▶ Your assignment: Here is the task for the records below: repeat exactly the lines from the one with "Could you please" to the one with "#9 box [0,77,251,479]", both included, and nothing else.

▶ Items from a data source:

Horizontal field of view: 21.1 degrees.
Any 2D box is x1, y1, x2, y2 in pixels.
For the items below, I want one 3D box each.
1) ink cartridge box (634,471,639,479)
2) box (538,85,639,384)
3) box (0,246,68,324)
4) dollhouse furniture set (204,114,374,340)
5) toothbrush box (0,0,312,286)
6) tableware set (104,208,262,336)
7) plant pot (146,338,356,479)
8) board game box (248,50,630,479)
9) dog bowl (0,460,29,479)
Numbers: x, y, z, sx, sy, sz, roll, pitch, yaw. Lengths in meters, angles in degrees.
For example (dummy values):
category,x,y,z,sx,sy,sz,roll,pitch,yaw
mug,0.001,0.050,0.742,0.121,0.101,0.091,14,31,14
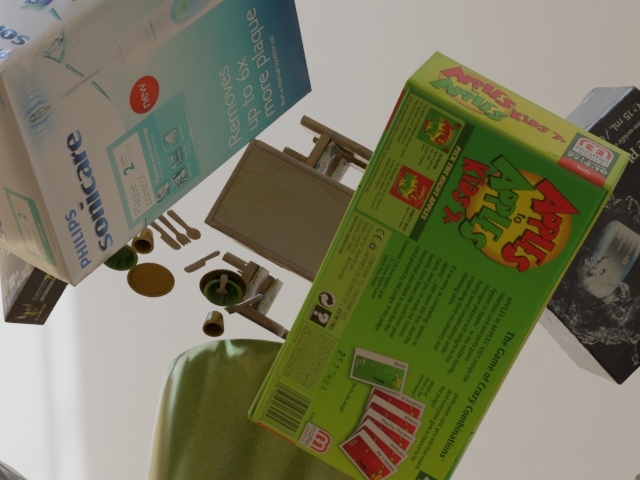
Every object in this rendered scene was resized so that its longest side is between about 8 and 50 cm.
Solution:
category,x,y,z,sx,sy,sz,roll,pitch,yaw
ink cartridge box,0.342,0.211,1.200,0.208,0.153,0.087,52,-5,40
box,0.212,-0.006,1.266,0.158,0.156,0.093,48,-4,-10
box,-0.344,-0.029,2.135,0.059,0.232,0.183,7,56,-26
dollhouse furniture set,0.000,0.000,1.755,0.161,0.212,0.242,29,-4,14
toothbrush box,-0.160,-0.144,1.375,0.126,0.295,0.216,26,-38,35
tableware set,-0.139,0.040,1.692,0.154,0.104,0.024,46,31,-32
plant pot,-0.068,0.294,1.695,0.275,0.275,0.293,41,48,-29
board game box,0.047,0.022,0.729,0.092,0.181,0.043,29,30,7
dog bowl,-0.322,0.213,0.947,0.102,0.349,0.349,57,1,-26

--

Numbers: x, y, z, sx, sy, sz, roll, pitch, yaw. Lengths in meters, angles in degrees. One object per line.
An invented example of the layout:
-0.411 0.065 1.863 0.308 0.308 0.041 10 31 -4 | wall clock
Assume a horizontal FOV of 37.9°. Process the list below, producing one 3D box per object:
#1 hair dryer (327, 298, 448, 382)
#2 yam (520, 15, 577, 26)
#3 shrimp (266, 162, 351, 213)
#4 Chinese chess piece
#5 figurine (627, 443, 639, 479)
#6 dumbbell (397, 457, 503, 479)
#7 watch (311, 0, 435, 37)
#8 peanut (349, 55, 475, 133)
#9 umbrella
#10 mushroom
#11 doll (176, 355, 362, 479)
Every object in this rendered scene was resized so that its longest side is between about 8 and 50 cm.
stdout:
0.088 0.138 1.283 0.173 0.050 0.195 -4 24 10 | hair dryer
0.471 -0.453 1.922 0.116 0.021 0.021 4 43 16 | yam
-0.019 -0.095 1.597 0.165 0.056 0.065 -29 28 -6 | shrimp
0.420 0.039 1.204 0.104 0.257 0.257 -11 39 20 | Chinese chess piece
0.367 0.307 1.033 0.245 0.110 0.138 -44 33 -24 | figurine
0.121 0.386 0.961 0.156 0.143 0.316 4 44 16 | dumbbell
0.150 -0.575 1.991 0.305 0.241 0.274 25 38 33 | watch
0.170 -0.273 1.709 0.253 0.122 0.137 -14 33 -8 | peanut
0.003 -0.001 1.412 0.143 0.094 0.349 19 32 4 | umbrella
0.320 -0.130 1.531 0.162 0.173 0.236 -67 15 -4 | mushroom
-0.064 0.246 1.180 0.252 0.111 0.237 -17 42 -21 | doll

...

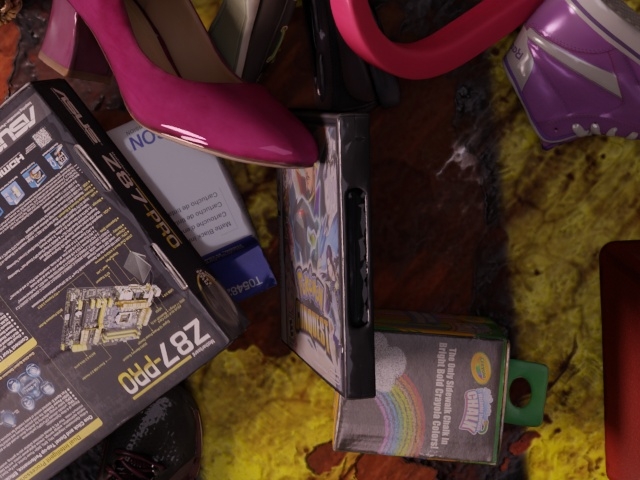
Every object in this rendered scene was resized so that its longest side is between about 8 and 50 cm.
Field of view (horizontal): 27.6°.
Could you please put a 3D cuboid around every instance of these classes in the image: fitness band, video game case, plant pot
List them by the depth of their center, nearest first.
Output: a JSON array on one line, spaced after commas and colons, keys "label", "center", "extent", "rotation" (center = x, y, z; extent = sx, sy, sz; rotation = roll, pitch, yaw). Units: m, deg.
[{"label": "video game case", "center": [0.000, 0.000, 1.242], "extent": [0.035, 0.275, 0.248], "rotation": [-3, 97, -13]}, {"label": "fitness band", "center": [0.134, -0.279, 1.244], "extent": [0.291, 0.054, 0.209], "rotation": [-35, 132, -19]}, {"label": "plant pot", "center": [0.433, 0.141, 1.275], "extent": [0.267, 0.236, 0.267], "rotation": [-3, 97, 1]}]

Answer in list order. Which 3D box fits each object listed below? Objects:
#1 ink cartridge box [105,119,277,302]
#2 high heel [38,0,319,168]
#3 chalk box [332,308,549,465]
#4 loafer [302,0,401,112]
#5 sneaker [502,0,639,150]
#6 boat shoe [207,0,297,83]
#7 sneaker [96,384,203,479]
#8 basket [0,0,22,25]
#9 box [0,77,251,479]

▶ Answer:
Could you please put a 3D cuboid around every instance of these classes in the image: fitness band, video game case, plant pot
List them by the depth of their center, nearest first.
Output: a JSON array on one line, spaced after commas and colons, keys "label", "center", "extent", "rotation" (center = x, y, z; extent = sx, sy, sz; rotation = roll, pitch, yaw). Units: m, deg.
[{"label": "video game case", "center": [0.000, 0.000, 1.242], "extent": [0.035, 0.275, 0.248], "rotation": [-3, 97, -13]}, {"label": "fitness band", "center": [0.134, -0.279, 1.244], "extent": [0.291, 0.054, 0.209], "rotation": [-35, 132, -19]}, {"label": "plant pot", "center": [0.433, 0.141, 1.275], "extent": [0.267, 0.236, 0.267], "rotation": [-3, 97, 1]}]

Answer in list order. Which 3D box fits each object listed below? Objects:
#1 ink cartridge box [105,119,277,302]
#2 high heel [38,0,319,168]
#3 chalk box [332,308,549,465]
#4 loafer [302,0,401,112]
#5 sneaker [502,0,639,150]
#6 boat shoe [207,0,297,83]
#7 sneaker [96,384,203,479]
#8 basket [0,0,22,25]
#9 box [0,77,251,479]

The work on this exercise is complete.